:: DIRECTIONS FOR THIS TASK ::
Find the line in the entries below that contains "Answer: 18-24 and". Repeat it exactly, and every line after it through the line that contains "Answer: 65+".

Collection entries:
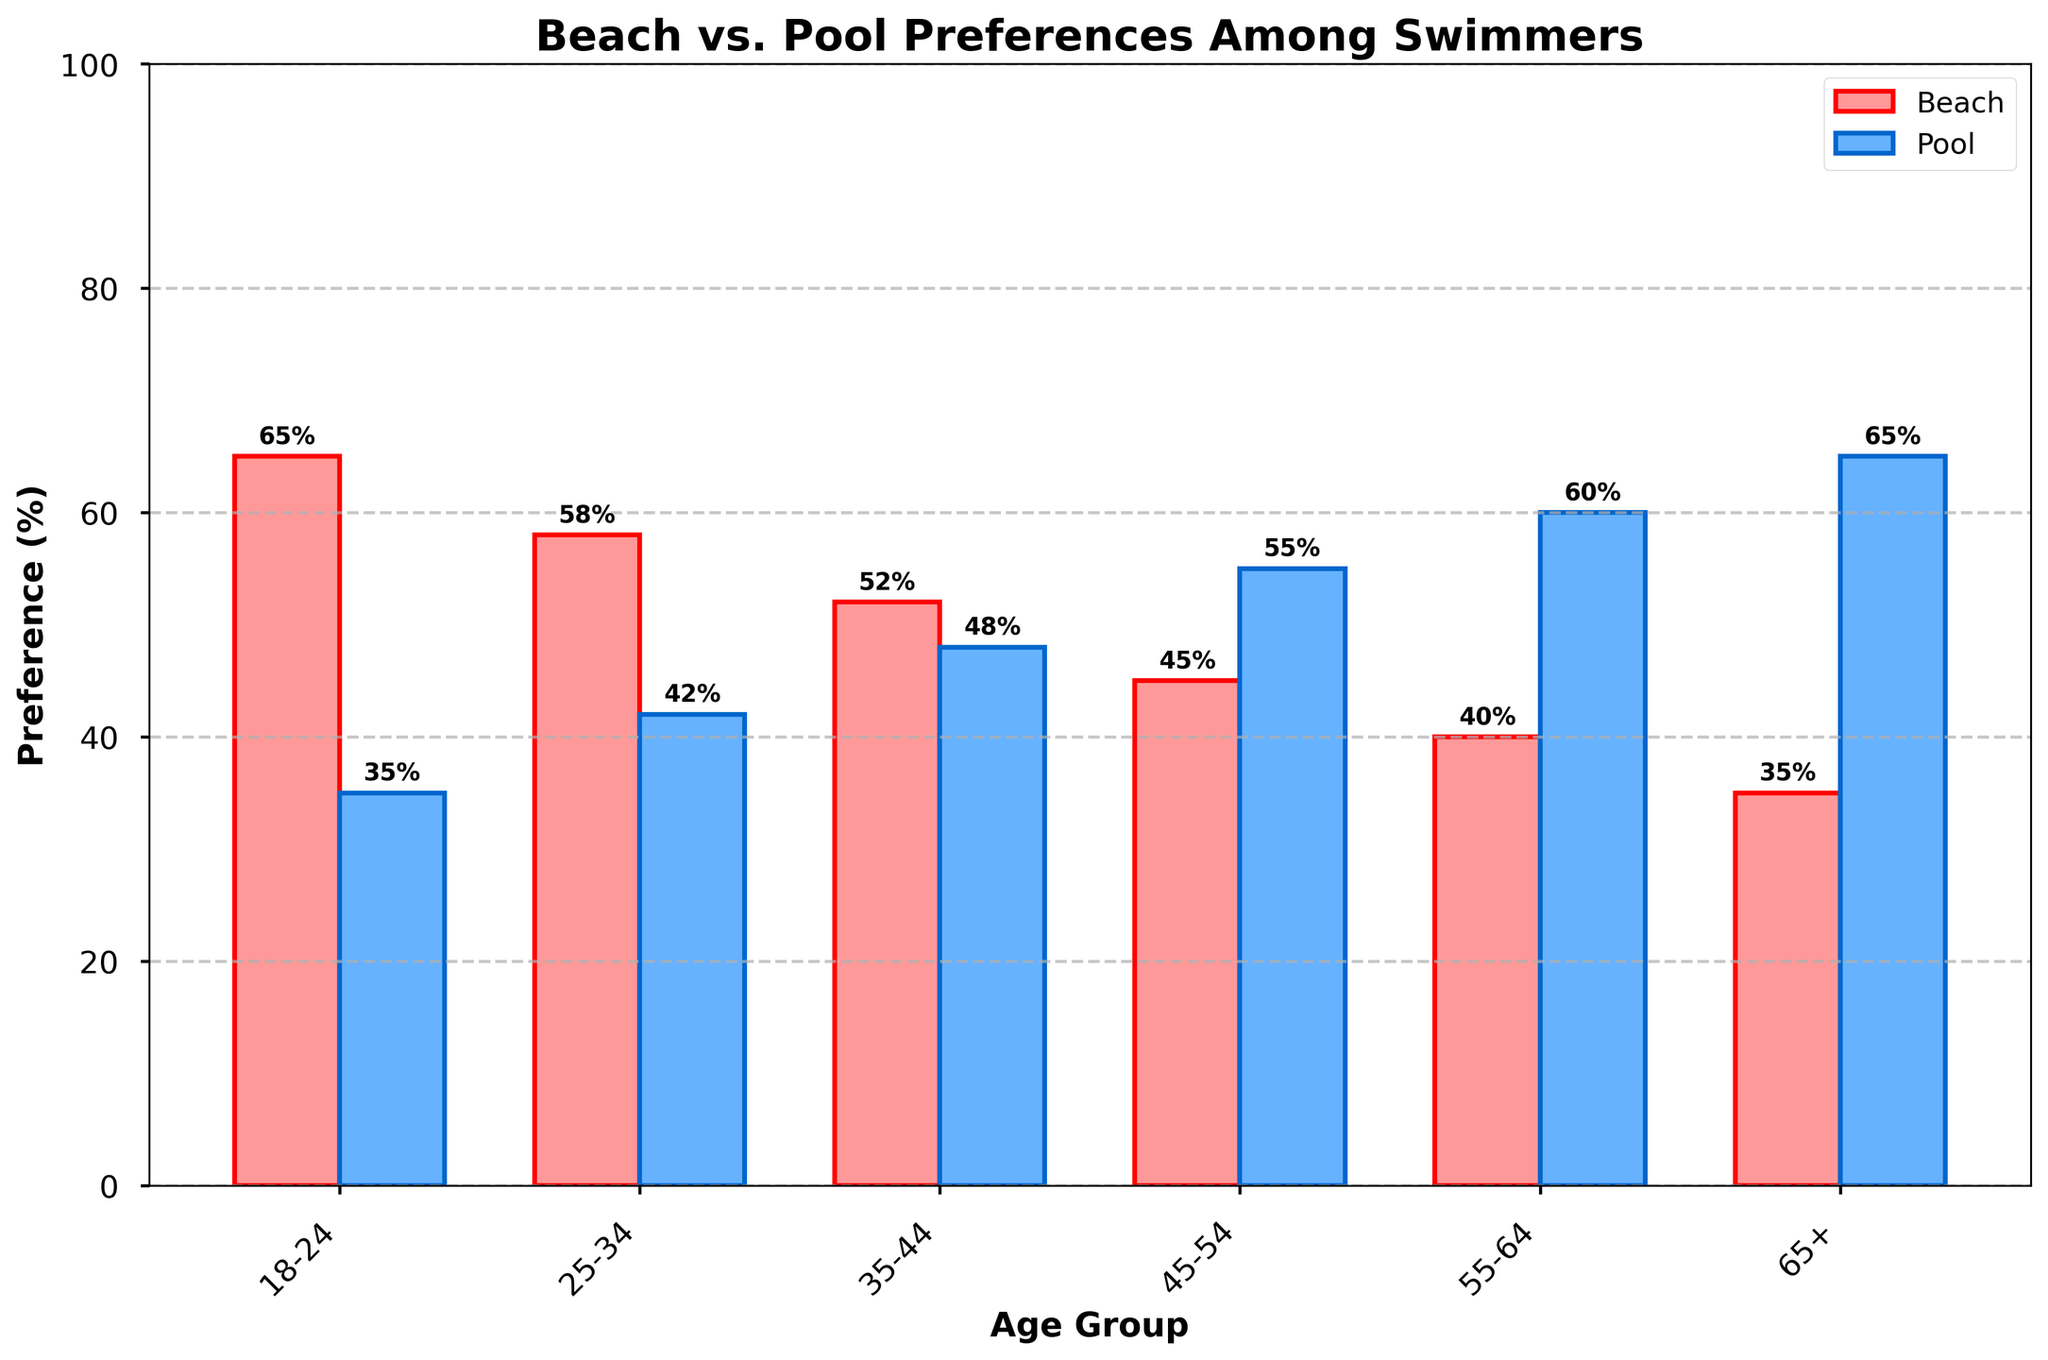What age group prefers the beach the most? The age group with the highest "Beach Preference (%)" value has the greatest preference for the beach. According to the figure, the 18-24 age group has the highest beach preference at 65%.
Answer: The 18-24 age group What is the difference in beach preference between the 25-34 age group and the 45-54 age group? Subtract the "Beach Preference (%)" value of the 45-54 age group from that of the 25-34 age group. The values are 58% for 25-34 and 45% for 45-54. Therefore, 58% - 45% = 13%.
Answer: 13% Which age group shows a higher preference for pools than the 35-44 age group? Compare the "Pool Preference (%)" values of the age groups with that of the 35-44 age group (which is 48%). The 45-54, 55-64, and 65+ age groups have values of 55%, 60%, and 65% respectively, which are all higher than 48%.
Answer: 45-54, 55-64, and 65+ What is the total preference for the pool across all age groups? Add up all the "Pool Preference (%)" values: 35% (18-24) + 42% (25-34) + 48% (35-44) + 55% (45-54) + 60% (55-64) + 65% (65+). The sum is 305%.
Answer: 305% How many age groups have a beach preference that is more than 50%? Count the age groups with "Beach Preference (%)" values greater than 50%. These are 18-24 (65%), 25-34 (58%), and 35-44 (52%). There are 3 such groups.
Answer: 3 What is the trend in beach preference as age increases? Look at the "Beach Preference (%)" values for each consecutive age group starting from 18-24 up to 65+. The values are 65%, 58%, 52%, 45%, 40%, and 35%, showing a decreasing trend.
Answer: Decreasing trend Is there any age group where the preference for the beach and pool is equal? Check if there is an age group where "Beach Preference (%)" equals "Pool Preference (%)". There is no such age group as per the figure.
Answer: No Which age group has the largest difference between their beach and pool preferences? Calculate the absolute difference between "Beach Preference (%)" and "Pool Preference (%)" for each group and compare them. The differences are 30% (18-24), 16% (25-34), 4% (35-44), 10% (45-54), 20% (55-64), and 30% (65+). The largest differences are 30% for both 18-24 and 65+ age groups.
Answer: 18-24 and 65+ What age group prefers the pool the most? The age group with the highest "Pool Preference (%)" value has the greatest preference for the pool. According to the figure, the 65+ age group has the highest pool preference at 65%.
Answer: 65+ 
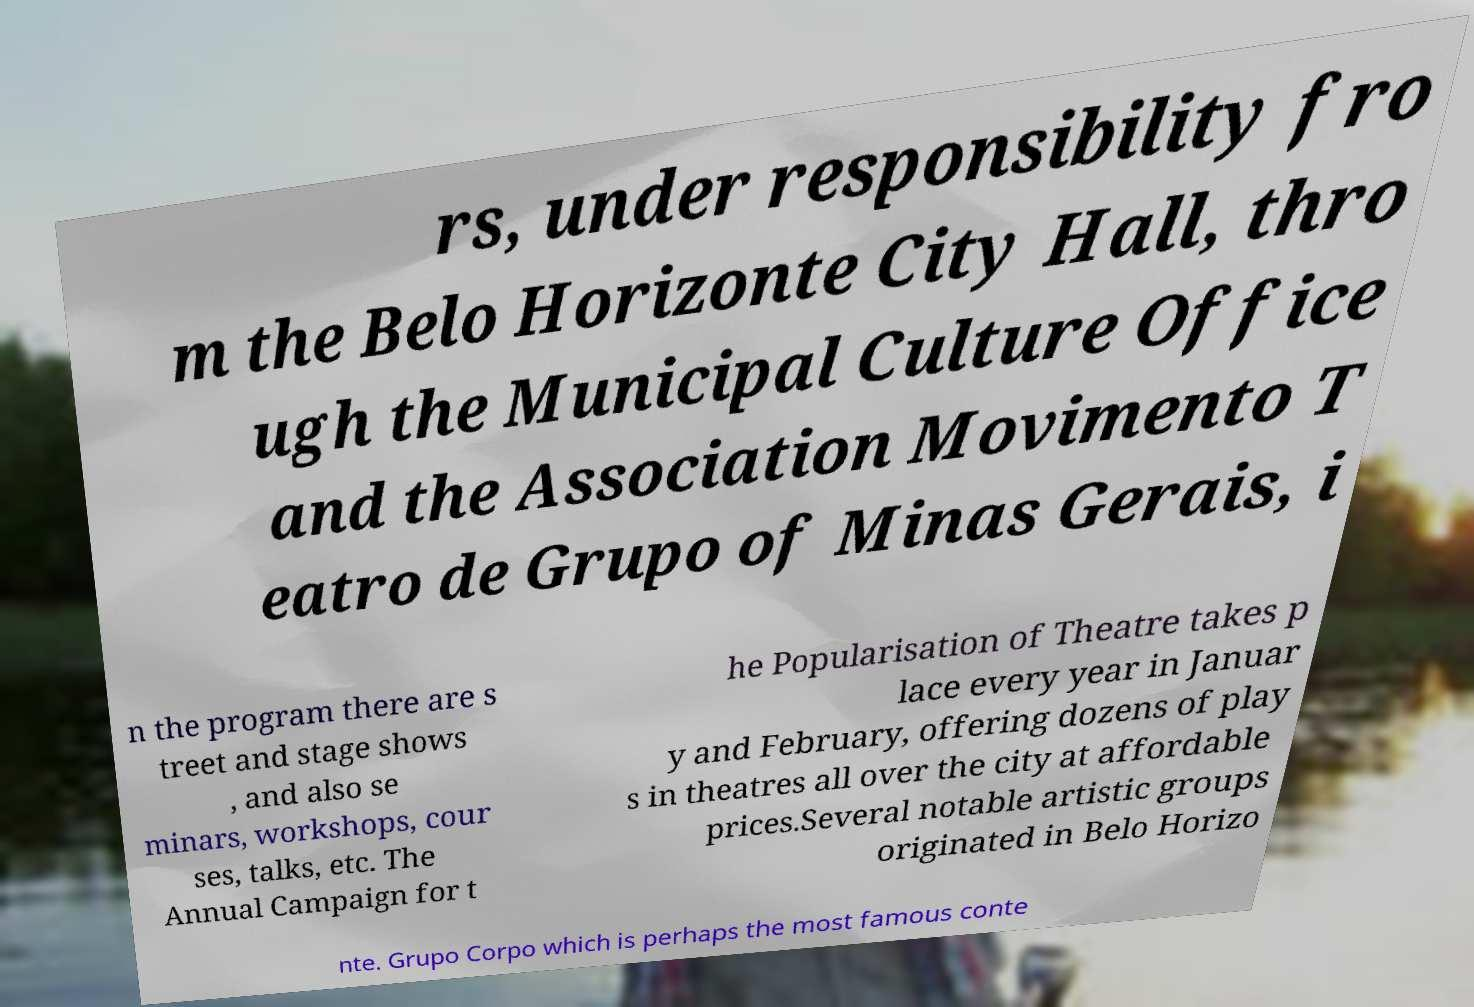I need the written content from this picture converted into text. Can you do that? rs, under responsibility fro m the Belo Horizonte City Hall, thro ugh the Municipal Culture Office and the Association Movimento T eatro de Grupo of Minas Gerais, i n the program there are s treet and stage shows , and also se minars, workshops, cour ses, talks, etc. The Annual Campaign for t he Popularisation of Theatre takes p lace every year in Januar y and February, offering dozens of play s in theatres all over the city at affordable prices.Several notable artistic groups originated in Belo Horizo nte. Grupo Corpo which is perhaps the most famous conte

:: TASK SOLUTION ::
Answer: 18-24 and 65+ What age group prefers the pool the most? The age group with the highest "Pool Preference (%)" value has the greatest preference for the pool. According to the figure, the 65+ age group has the highest pool preference at 65%.
Answer: 65+ 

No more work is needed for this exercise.